Dosen Program Studi Manajemen Fakultas Ekonomi dan Bisnis (FEB) Universitas Muhammadiyah Yogyakarta (UMY), Dr. Lela Hindasah, menilai maraknya penggunaan layanan Paylater perlu diwaspadai karena berpotensi menjadi “bom waktu” ekonomi jika tidak disertai literasi keuangan yang baik.
“Dalam sistem Paylater, masyarakat terdorong untuk berbelanja melebihi kemampuan riilnya. Jika tingkat gagal bayar meningkat, dampaknya bisa meluas hingga memengaruhi stabilitas sistem keuangan nasional,” ujar Lela, Senin (13/10/2025) dilansir laman resmi UMY.
2. Kemudahan bisa menjadi jebakan finansial

Menurutnya, layanan Paylater menawarkan kemudahan yang justru bisa menjadi jebakan. Berbeda dengan kartu kredit yang memerlukan verifikasi ketat, Paylater memungkinkan pengguna bertransaksi hanya dengan satu klik tanpa jaminan yang jelas. Padahal, bunga efektif layanan ini sering kali lebih tinggi daripada kartu kredit, ditambah biaya administrasi dan denda keterlambatan yang sering diabaikan pengguna.

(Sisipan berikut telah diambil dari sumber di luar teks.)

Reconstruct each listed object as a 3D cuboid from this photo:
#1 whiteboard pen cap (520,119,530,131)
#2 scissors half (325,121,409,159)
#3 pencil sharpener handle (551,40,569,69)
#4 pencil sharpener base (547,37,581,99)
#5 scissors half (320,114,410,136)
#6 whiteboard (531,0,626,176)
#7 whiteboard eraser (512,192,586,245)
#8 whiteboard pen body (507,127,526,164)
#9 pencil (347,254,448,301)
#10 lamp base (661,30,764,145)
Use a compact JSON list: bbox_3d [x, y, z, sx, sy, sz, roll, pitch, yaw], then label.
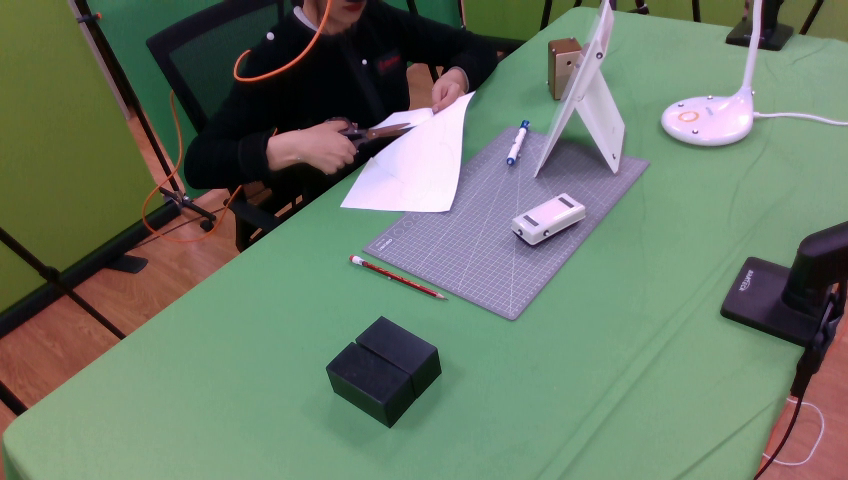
[{"bbox_3d":[0.200,-0.226,1.204,0.018,0.018,0.033,6,42,17],"label":"whiteboard pen cap"},{"bbox_3d":[-0.110,-0.200,1.187,0.175,0.040,0.012,-23,23,4],"label":"scissors half"},{"bbox_3d":[0.291,-0.409,1.321,0.036,0.068,0.030,2,40,-6],"label":"pencil sharpener handle"},{"bbox_3d":[0.299,-0.368,1.290,0.061,0.107,0.076,-8,40,2],"label":"pencil sharpener base"},{"bbox_3d":[-0.114,-0.220,1.178,0.176,0.040,0.013,3,27,-8],"label":"scissors half"},{"bbox_3d":[0.320,-0.258,1.050,0.144,0.306,0.217,22,45,5],"label":"whiteboard"},{"bbox_3d":[0.199,-0.032,0.962,0.113,0.042,0.055,-27,43,-20],"label":"whiteboard eraser"},{"bbox_3d":[0.181,-0.189,1.163,0.017,0.017,0.140,7,42,19],"label":"whiteboard pen body"},{"bbox_3d":[-0.044,0.058,0.933,0.192,0.012,0.012,22,49,28],"label":"pencil"},{"bbox_3d":[0.535,-0.287,1.096,0.179,0.181,0.159,-10,40,-4],"label":"lamp base"}]

Fenomena ini paling banyak ditemukan di kalangan Generasi Z dan mahasiswa yang terbiasa dengan gaya hidup digital serta budaya serba instan. “Generasi ini tumbuh di era promo, cashback, dan diskon musiman yang membuat belanja terasa menyenangkan dan seolah tanpa risiko,” tambah Kepala Galeri Bursa Efek Indonesia (BEI) FEB UMY tersebut.
3. Peran kampus untuk edukasi

Lela mengingatkan, kebiasaan berutang tanpa kemampuan mengelola keuangan bisa berdampak panjang, mulai dari stres akibat tagihan, turunnya produktivitas, hingga rusaknya riwayat kredit pribadi. Karena itu, ia menekankan pentingnya peran kampus dalam membentuk karakter finansial mahasiswa melalui kegiatan literasi keuangan, edukasi pasar modal, dan pelatihan perencanaan keuangan pribadi.
“Teknologi keuangan seharusnya menjadi alat bantu, bukan sumber masalah. Dengan pemahaman yang benar, Paylater bisa dimanfaatkan secara sehat tanpa menjerumuskan pengguna ke lingkaran utang yang merugikan, baik bagi individu maupun perekonomian,” pungkasnya.